But Varadkar refused to accede to calls to expel the ambassador, as South Africa has done and other nations are considering. He said: “That is not the way we believe we should engage with other states. If we were to expel their ambassador they would expel ours.”
Sinn Fein leader Mary Lou McDonald demanded the Dublin government formally recognise the state of Palestine.
“The Palestinian people need our solidarity now,” she said. “This could well be one of the bloodiest episodes in their tragic history and Ireland must take the lead among nations in saying that there can be no impunity or indemnity for state violence directed at peaceful protest.”
SDLP Leader Colum Eastwood said the attacks on Gaza were deplorable and laid the blame at Washington’s door. “It would seem that the USA Government have walked off the pitch when it comes to diplomacy in the Middle East,” he said. “Therefore, it is imperative that the European Union step in and address the diplomatic and humanitarian void to end the bloodshed inflicted upon Gazans.”

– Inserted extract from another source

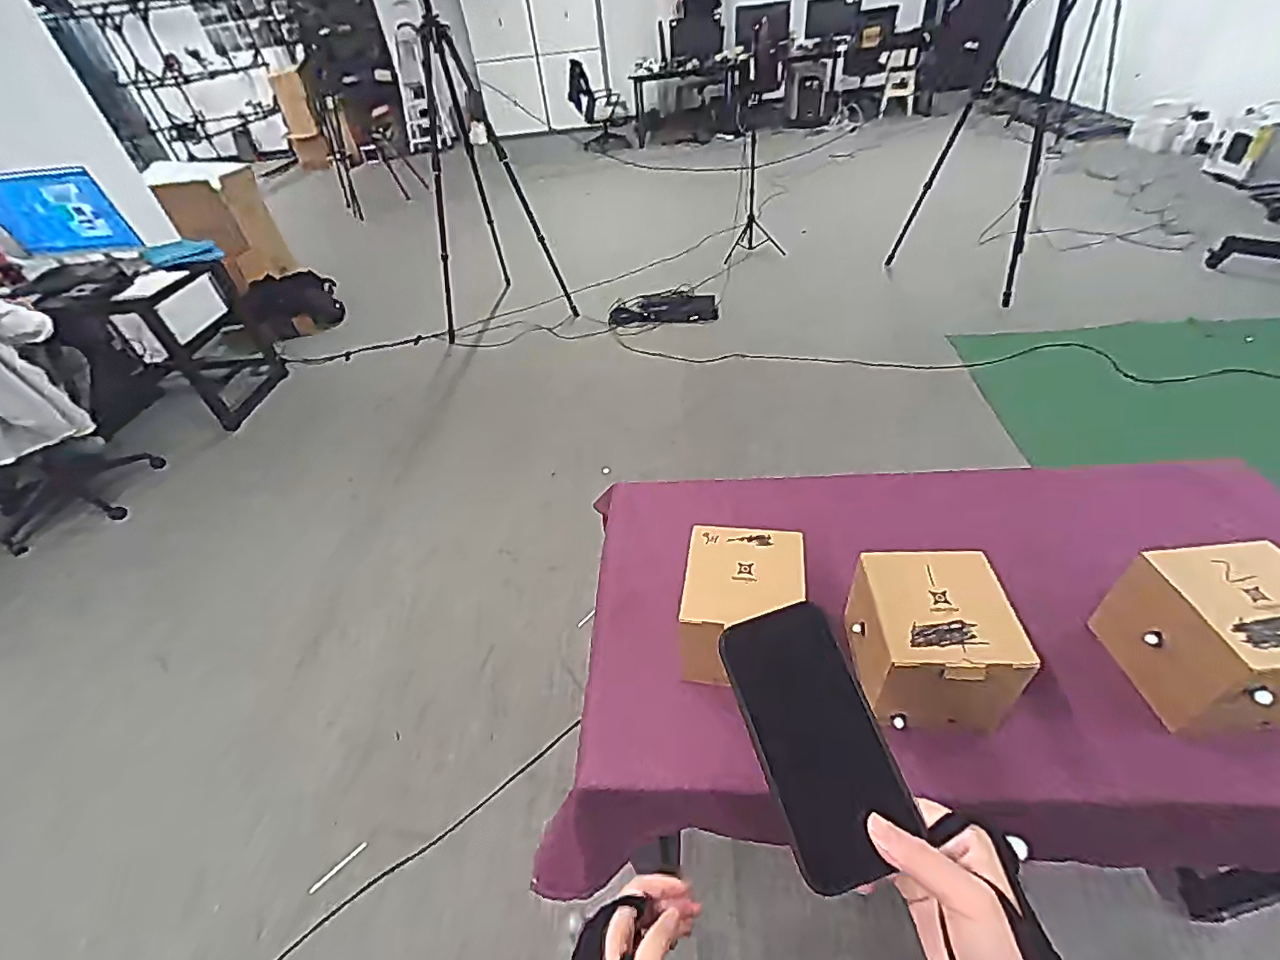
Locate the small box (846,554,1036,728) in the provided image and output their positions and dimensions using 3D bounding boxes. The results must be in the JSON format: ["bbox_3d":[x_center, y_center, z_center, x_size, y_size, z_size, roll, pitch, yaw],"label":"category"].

Academics in Ireland have added their voices to the growing national and international calls for a complete boycott against Israel.
“This open and unapologetic massacre of unarmed civilians shows why we urgently need to break links with the Israeli state and with complicit institutions,” said Ronit Lentin, the chair of Academics for Palestine. “The EU and Ireland facilitate these murders by funding and working with Israeli companies and universities that are integral parts of the brutal occupation of Palestine.”
The Israeli ambassador again attempted to justify the actions of his country’s forces today, and claimed there could have been an attempt to breach the Israeli border. He insisted, despite two thousand Palestinians having been killed or injured by Israeli gunfire, that its snipers had sought to avoid civilian casualties.
“No country, including Ireland will tolerate any penetration of its legitimate borders,” he said.